Another issue is that many arrested protesters were given extraordinarily high bail amounts. Some were apparently even asked to pay their bail all at once, in cash—which is notable given that detainees usually have the option to pay deposits or to take out loans from bondsmen.
"For my clients, a $50,000 cash-only bail is tantamount to no bail," said Finegar. "I'm a nice middle-class public servant and even I couldn't post something like that."
"What is unconstitutional is using money to detain and deprive an individual of due process," Burdeen added. "And yet that is essentially what is happening here." The Guardian reported on one case where a 19-year-old had bail set at half a million dollars. The defendant, who failed to produce the money, was then sent to jail. Generally speaking, if a detainee cannot make bail and cannot take out a loan, then they will essentially serve a jail sentence before even being found guilty of a crime. According to Finegar, that could mean sitting in jail for anywhere from 30 days to a year.
"We have to look beyond the law if we want to really reform the criminal justice system." –Alexandra Natapoff
On Thursday afternoon, ACLU-Maryland's legal director Deborah A. Jeon sent a letter to Baltimore Mayor Stephanie Rawlings-Blake calling for an end to the citywide curfew. "We have a right to demand policy changes of our government…. and we have a constitutionally protected right to do so on the streets and sidewalks of Baltimore." Jeon added that at this point the curfew's "unnecessary restrictions" seemed to do more to stoke community resentment than to ensure public safety.
The curfew is a First Amendment issue more so than a criminal one. And First Amendment decisions are often seen as balancing acts between the need for public safety and to protect one's right to protest, move, and assemble. "It has to be a reasonable balance, and whether this curfew is a reasonable one is subject to debate," said Eve Brensike Primus, a University of Michigan law professor. In a Thursday evening press conference, Baltimore Police Commissioner Anthony Batts said that despite the city's relative calm, they would not be lifting the curfew this weekend because there are large protests planned. "We have a lot more protests that are popping up by the minute, and even if we didn't, we have other cities that have large protests and their activities impact our city too," said Batts.
The argument that Baltimoreans should be kept under curfew because protests are happening in other cities certainly raises some serious constitutional questions.
Activist groups are responding to these issues; the Ferguson Legal Defense Committee is operating a jail support hotline.

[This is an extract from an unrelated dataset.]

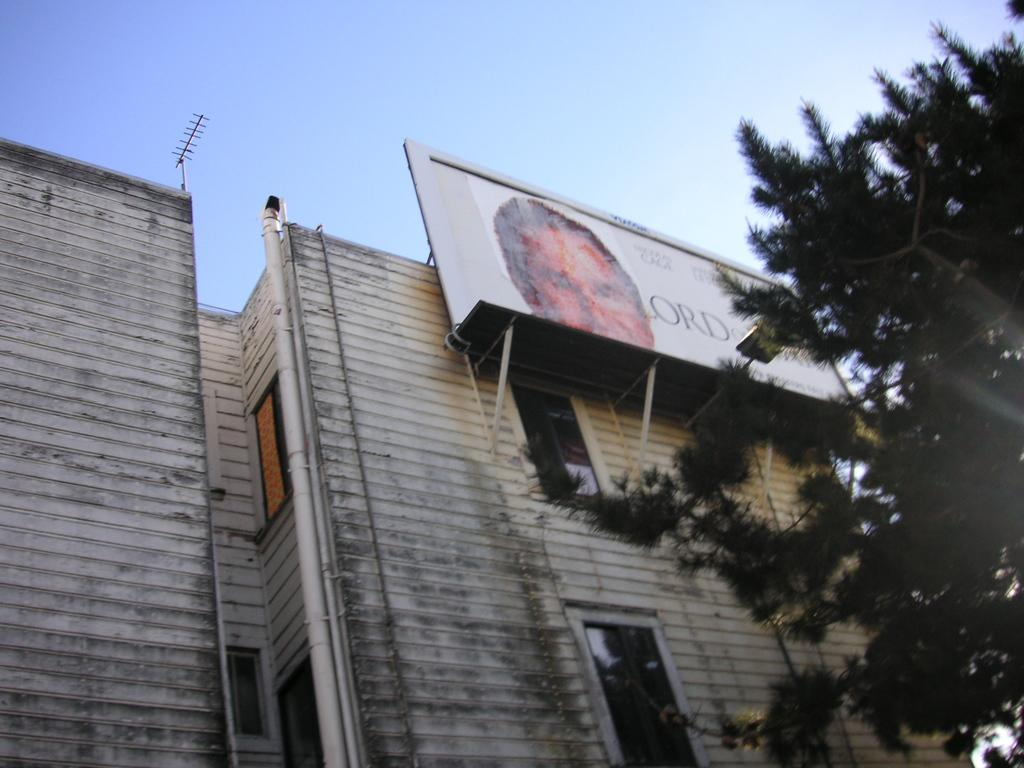What is the main structure in the center of the image? There is a building in the center of the image. What type of vegetation is on the right side of the image? There is a tree on the right side of the image. What is attached to the building in the image? There is a board on the building. What other object can be seen on the building? There is an antenna in the image. What is visible at the top of the image? The sky is visible at the top of the image. What type of riddle is written on the bed in the image? There is no bed present in the image, and therefore no riddle can be found on it.

On Wednesday night, the Public Justice Center (PJC), a Baltimore-based legal advocacy organization, held an event to train lawyers, law students, and legal experts in jail support and legal observing for demonstrations. Nearly 50 people showed up, which, according to PJC attorney Zafar Shah, was beyond the group's expectations. "There wasn't enough seating," he said. In addition, Maryland Public Defender Paul B. DeWolfe issued a call for private lawyers to help represent the 201 protesters arrested on Monday night. DeWolfe told the Daily Record that many private attorneys have offered their services.
Of course, it's safe to say a few well-intentioned lawyers are unlikely to change the game here.
"Yes there will be lawsuits, and appropriately so, but we can't rely on them to fix the underlying problem," said Natapoff. "We have to look beyond the law if we want to really reform the criminal justice system. That's why these protests all over the country are so important."